▶ [Exercise directions]:
Could you say how many lines in the records include "this"? Please give the number by itself.

*** Opening Data shown ***

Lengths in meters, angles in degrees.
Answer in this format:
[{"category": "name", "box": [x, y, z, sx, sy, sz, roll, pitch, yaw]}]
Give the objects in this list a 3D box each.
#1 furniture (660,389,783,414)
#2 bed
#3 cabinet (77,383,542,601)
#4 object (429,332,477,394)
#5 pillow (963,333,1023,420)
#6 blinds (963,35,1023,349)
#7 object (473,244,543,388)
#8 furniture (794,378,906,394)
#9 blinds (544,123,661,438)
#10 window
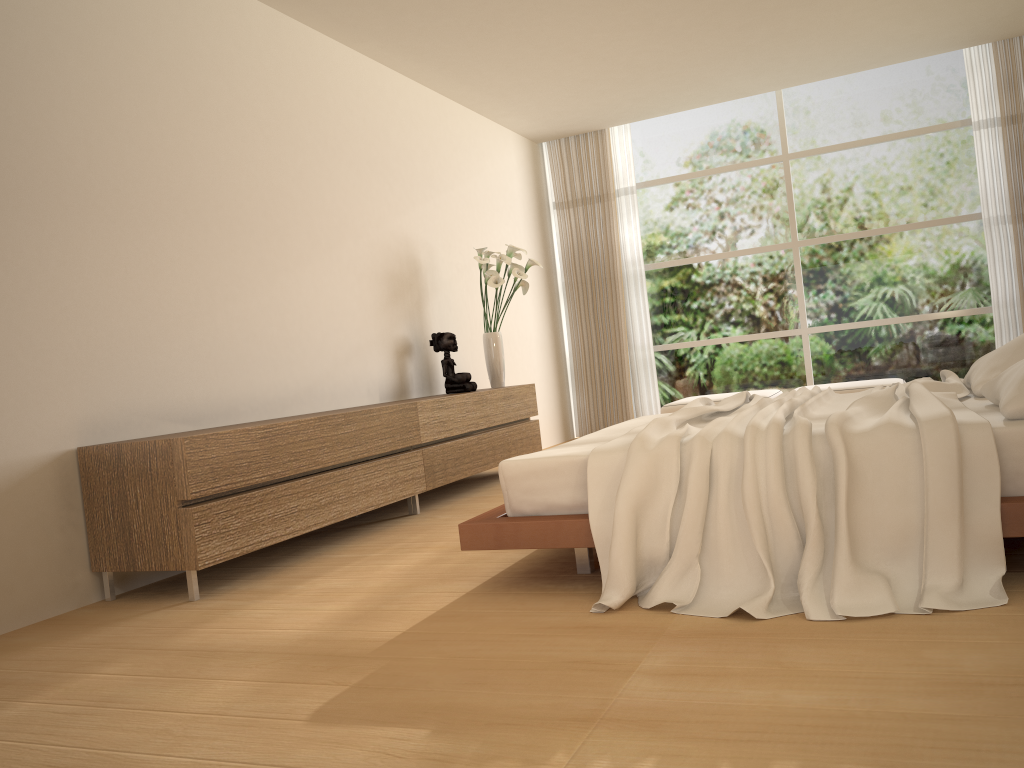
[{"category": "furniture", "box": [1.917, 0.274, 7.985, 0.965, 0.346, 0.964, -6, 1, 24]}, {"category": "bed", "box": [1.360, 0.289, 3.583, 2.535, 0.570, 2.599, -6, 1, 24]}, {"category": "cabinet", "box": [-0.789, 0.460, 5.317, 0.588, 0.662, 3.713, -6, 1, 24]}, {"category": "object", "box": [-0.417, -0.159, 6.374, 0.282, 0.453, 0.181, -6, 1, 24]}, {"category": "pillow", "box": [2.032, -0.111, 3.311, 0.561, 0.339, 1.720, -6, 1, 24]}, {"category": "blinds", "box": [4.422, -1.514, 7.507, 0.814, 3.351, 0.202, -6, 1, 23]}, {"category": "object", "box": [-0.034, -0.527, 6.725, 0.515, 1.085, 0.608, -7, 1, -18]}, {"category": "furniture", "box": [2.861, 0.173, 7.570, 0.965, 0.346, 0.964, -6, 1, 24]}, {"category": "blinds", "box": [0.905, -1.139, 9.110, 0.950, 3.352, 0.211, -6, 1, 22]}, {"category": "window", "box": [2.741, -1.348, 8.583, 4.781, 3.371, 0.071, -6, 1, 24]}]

*** Closing Data shown ***

▶ [Worked solution]:
2